Machine translation has been a potential solution for giving access to the world knowledge available in English for those who have different mother tongues. There are number of Machine Translation (MT) systems, available for many languages. Among others, Electronic Dictionary Research (EDR) [27] is the most powerful MT System in the Asian region. EDR system translates English to Japanese and vise versa. Also it uses knowledge base Machine Translation approach. In the Asian region, numbers of MT Systems are developed to Translate English to Indian family languages. Some of these systems can be named as Anglabharati, Anusaaraka, MaTra, Mantra etc. [6]. Anglabharati MT System Translates English to Indian languages, primarily Hindi, using a rule-based transfer approach. The Anusaaraka MT System [3] is used to access language between Indian Languages. Also this System uses Paninian Grammar (PG) model [1] to it’s language analysis. The Anusaaraka project has developed Language accesses from Punjabi, Bengali, Telugu, Kannada and Marathi into Hindi. The approach and lexicon is general, but the system has mainly been applied for children’s stories. MaTra is a Human-Assisted translation project for English to Indian languages, and the Mantra project is based on the TAG formalism, that has been developed for the domain of gazette notifications pertaining to government appointments [2]. The Machine Translation process can be described simply as decoding the meaning of the source text, and re-encoding this meaning in the target language [11]. Any MT System contains source language morphological analyzer, source

language parser, translator, target language morphological generator, target language composer and lexical databases [8][9]. At present a number of approaches are used for Machine Translation: Dictionary-based Machine Translation, Statistical Machine Translation and Examplebased Machine Translation [25]. However, machine translation cannot be achieved merely by handling languages at the morphological, syntax and semantic levels. This is because; Out-Of-Vocabulary, handling Proper nouns and Technical terms become crucial when source and target languages are reasonably different in terms of alphabet, pronunciation, etc. There are various transliteration approaches taken to solve these issues. In general, transliteration is the practice of transcribing a word or text written in one writing system into another writing system [25]. In other words, Machine transliteration is a method for automatic conversion of words in one language in to phonetically equivalent ones in another language. For example, the English word ‘machine’ is transliterated into Sinhala as ueIska. At present there are number of Machine transliteration approaches available namely, grapheme-based transliteration model, phonemebased transliteration model, hybrid transliteration model and correspondence-based transliteration model [18]. Grapheme-based transliteration is direct orthographical mapping from source graphemes to target graphemes. Several transliteration methods have been proposed using this method. These methods include channel model and decision tree model [18]. Phoneme-based transliteration model is based on pronunciation or the source phoneme rather than spelling or source grapheme. This model uses source-phoneme-to-source-phoneme transformation and source- phoneme-to-target-phoneme transformation.

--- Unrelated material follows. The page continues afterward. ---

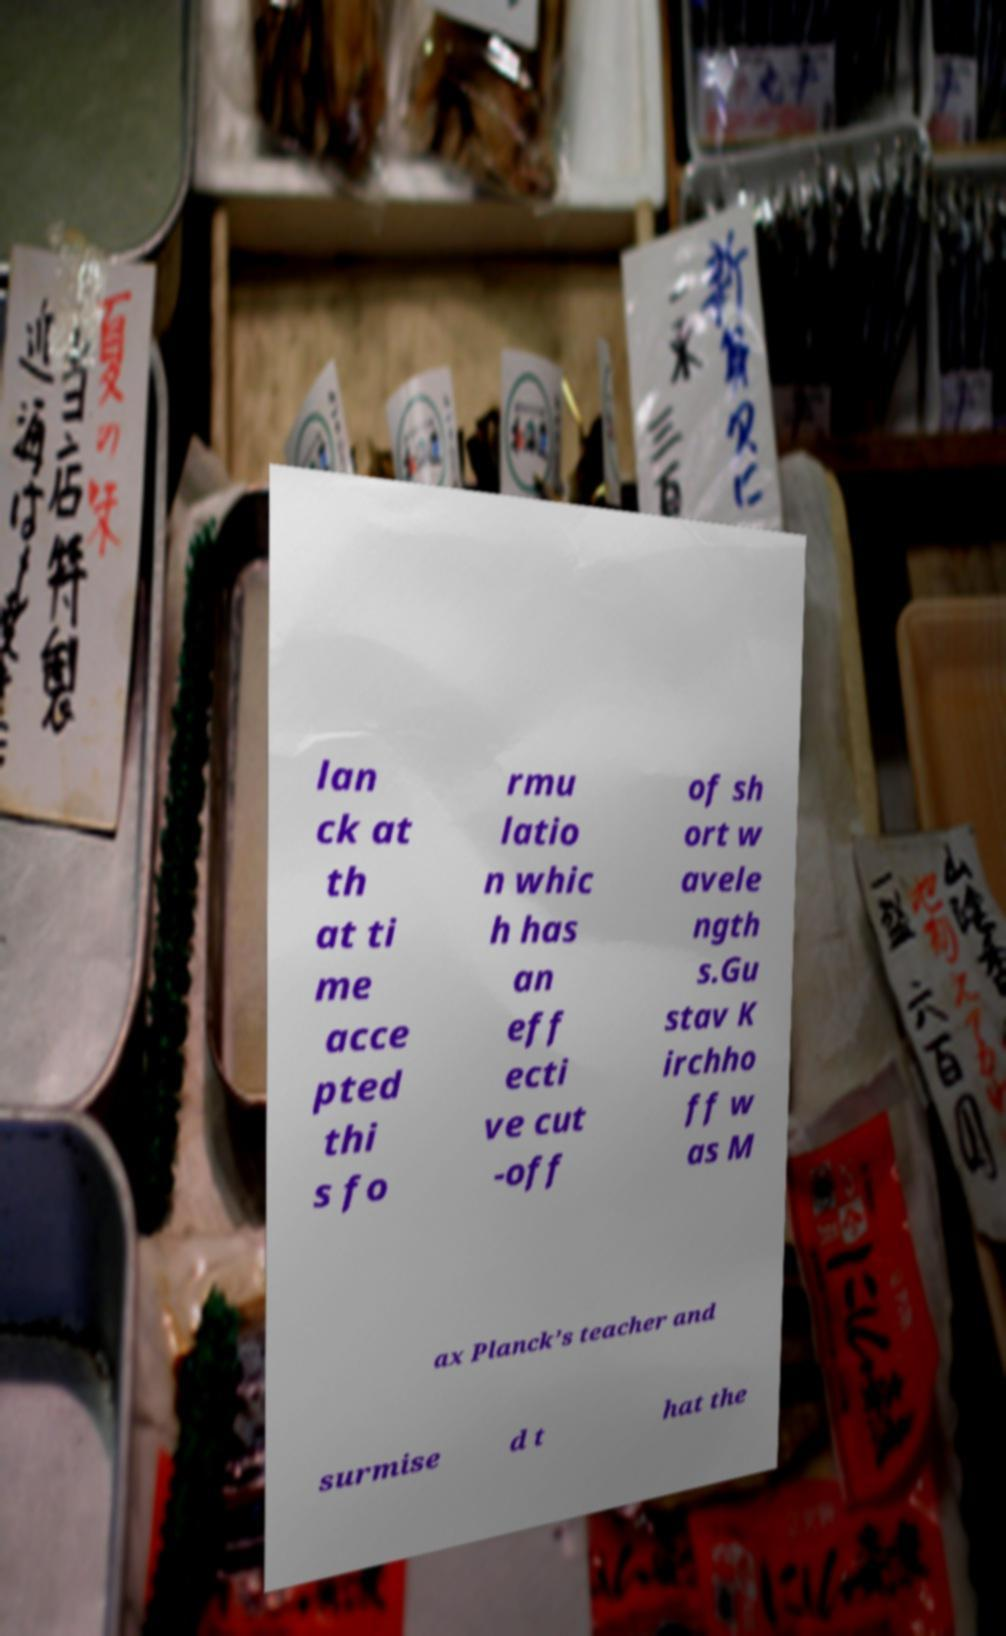I need the written content from this picture converted into text. Can you do that? lan ck at th at ti me acce pted thi s fo rmu latio n whic h has an eff ecti ve cut -off of sh ort w avele ngth s.Gu stav K irchho ff w as M ax Planck’s teacher and surmise d t hat the

By using this transliteration model, Knight and others have developed Japanese-to-English transliteration system with weighted finite state transducers (WFSTs) [19]. Arabic-toEnglish, English-to-Chinese Transliteration Systems too have used this model. Hybrid and correspondence-based Transliteration models are used both source grapheme and source phoneme to transliteration. Furthermore, there are two types of transliterations, namely, Forward Transliteration and Backward Transliteration. Forward Transliteration means transliteration of a name from its native script to a foreign

one. Backward Transliteration is restoration of a previously transliterated name to its native scripts. However any transliteration model can be modeled as phoneme-based transliteration, letter-based transliteration or substring-based transliteration. Among others, Weerasinghe and others have developed a rule based Syllabification Algorithm, that can be considered under letter-based transliteration for Sinhala language [24]. This is a backward transliteration approach that reads Sinhala text and its pronunciation. We present a transliteration approach that come under letter-based tradition with the use of theory of finite automaton. At this stage, this project has considered only the forward transliteration from English to Sinhala. The rest of this paper is organized as follows. Section II describes structures of the Sinhala and English words. Section III reports on the design and implementation of the proposed transliteration models for English to Sinhala machine translation. Section IV gives conclusion and further work. THE SINHALA AND ENGLISH LANGUAGES STRUCTURES Machine transliteration process is not a simple task. This is mainly because; there are many ambiguities about the relationship between the spelling of a word and its pronunciation. Further, some letters cannot be pronounced in isolation, but need to be considered as adjacent letters. Therefore, it is required to do word level analysis of words before going into transliteration approaches. II

A Structure of Sinhala words Sinhala Language is constitutionally – recognized as the official language of Sri Lanka, along with Tamil. Sinhala has its own writing system, which is an offspring of the Brahmi script [25]. Maldives, Dhivehi are the closest relative languages for Sinhala. However, Sinhala differs from all other Indo-Aryan languages. In that, it contains a pair of vowel sounds that are unique to it, such as short vowel: ‘we’ – ae and Long vowel: ‘wE’ – aae[21]. Also Sinhala contains a set of five nasal sounds known as “half nasal” or “prenasalized stops”. These sounds as represented in modern Sinhala writing and their romanised notation are as follows: Õa (nng), `ca (ndj), `â (nnd), |a (nd), ò(mb). The Sinhala alphabet consists of 61 letters comprising 18 vowels, 41 consonants and 2 semi-consonants [5][17]. These symbols represent 40 sounds: 14 vowel sounds and 26 consonant sounds. This is quite similar to other Indic alphabets, as all of them appear to be offshoots of the Sanskrit alphabet. Table I shows the Sinhala alphabet. Furthermore, some graphical symbols, stokes, are used in conjunction with consonants. They are used in writing some vowels too (example. wd" ta" ft). Unlike in English, a stoke may be positioned at any of the four side of the base letter. Table II shows Sinhala stokes and their positions. Note that, Sinhala letters (characters) are generated using Vowels, consonants and conjunction with consonant and stokes. Table III shows Combination of the consonant l (k) with vocalic stokes.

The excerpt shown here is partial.